◆ **TASK STATEMENT**: Copy out exactly the lines from the first line of the material below through the line containing "14. can of peaches", and nothing beyond them.

────────────────

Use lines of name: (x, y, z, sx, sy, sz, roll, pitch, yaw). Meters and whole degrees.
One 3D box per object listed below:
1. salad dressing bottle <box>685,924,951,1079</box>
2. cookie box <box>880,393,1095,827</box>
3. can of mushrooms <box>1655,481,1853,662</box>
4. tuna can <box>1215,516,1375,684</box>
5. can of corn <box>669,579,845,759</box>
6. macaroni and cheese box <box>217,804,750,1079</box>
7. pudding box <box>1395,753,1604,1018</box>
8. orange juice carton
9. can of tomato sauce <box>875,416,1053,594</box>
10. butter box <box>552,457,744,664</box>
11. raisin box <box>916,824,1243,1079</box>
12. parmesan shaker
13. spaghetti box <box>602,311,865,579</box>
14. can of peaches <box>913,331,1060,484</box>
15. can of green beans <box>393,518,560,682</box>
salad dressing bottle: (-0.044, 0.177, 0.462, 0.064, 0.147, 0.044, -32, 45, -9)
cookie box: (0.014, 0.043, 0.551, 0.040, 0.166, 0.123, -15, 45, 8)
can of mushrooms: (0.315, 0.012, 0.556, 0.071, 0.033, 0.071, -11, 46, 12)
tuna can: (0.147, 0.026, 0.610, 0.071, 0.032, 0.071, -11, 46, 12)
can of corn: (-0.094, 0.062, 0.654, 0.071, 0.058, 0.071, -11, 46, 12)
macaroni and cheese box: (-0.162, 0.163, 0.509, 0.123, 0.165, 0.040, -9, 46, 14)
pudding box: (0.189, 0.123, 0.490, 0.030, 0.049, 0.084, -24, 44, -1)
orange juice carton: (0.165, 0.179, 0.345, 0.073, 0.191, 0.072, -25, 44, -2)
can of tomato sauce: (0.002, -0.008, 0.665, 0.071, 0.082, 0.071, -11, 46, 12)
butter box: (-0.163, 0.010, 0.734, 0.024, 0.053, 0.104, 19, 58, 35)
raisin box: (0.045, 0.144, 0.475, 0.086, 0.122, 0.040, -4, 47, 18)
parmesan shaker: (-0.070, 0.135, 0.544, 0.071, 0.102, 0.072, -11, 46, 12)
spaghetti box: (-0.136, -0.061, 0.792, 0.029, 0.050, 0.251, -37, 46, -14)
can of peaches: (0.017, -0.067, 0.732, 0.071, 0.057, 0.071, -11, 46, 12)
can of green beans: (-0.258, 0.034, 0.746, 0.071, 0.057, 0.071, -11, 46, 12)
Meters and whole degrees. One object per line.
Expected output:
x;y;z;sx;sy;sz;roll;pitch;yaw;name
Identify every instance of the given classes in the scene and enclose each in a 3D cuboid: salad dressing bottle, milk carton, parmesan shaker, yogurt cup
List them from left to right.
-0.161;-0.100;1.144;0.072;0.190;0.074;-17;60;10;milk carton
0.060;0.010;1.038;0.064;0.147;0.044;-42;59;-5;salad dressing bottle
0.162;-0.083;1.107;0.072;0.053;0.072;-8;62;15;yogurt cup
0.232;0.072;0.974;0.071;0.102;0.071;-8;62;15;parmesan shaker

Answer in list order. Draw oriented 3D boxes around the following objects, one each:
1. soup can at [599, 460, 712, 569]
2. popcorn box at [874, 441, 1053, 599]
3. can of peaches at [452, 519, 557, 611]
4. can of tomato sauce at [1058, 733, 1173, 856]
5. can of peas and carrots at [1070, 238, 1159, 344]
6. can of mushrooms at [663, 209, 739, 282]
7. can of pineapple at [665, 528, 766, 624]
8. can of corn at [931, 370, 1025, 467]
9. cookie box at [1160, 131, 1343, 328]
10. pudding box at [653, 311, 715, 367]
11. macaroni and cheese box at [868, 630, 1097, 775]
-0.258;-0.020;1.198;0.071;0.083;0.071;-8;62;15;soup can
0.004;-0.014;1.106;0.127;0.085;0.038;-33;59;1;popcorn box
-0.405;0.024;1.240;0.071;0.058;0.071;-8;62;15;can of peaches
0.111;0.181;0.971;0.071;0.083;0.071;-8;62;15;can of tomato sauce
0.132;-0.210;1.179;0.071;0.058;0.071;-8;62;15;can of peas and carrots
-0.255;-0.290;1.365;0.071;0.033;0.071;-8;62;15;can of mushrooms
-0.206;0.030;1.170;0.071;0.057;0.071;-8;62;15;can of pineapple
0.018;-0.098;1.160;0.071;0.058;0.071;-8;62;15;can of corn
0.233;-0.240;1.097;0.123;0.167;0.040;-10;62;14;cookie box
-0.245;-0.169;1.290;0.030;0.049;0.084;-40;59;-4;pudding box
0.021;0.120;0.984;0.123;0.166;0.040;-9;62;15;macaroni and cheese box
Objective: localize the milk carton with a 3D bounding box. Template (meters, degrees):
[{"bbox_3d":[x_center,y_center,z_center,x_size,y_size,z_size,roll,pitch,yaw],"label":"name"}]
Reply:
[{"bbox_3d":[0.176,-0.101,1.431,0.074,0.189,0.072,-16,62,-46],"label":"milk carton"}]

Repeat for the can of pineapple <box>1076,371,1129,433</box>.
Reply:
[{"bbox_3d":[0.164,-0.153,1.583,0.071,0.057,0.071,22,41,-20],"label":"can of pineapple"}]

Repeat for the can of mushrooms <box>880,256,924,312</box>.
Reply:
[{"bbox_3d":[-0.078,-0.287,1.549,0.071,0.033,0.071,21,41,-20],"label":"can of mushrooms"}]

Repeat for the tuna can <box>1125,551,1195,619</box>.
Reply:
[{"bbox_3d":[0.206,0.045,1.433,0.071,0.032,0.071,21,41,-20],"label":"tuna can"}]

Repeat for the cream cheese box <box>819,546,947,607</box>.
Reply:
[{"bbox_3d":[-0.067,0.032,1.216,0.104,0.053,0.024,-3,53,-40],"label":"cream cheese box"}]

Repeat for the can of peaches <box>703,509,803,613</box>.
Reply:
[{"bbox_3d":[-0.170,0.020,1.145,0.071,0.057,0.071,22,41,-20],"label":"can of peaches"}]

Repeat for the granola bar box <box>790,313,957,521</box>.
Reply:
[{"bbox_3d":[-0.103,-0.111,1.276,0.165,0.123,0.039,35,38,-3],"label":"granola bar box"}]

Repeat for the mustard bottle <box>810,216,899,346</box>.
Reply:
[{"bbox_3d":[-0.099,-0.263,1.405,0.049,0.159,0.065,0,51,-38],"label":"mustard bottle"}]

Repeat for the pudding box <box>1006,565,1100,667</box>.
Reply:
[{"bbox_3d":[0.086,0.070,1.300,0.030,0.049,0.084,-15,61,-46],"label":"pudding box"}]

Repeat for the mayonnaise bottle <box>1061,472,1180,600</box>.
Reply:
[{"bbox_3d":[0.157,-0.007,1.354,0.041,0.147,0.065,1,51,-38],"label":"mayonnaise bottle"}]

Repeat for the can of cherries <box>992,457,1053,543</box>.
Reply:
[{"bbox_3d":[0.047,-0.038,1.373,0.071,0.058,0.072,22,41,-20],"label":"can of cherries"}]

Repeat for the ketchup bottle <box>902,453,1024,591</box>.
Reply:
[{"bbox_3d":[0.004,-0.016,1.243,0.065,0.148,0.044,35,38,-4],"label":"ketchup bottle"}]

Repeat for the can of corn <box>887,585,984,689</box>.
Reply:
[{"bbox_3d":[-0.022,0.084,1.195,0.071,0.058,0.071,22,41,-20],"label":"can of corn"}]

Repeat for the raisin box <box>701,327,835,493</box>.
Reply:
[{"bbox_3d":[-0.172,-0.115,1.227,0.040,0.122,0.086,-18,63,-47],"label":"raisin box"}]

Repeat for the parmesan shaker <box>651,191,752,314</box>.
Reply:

────────────────

◆ **RESPONSE**:
Use lines of name: (x, y, z, sx, sy, sz, roll, pitch, yaw). Meters and whole degrees.
One 3D box per object listed below:
1. salad dressing bottle <box>685,924,951,1079</box>
2. cookie box <box>880,393,1095,827</box>
3. can of mushrooms <box>1655,481,1853,662</box>
4. tuna can <box>1215,516,1375,684</box>
5. can of corn <box>669,579,845,759</box>
6. macaroni and cheese box <box>217,804,750,1079</box>
7. pudding box <box>1395,753,1604,1018</box>
8. orange juice carton
9. can of tomato sauce <box>875,416,1053,594</box>
10. butter box <box>552,457,744,664</box>
11. raisin box <box>916,824,1243,1079</box>
12. parmesan shaker
13. spaghetti box <box>602,311,865,579</box>
14. can of peaches <box>913,331,1060,484</box>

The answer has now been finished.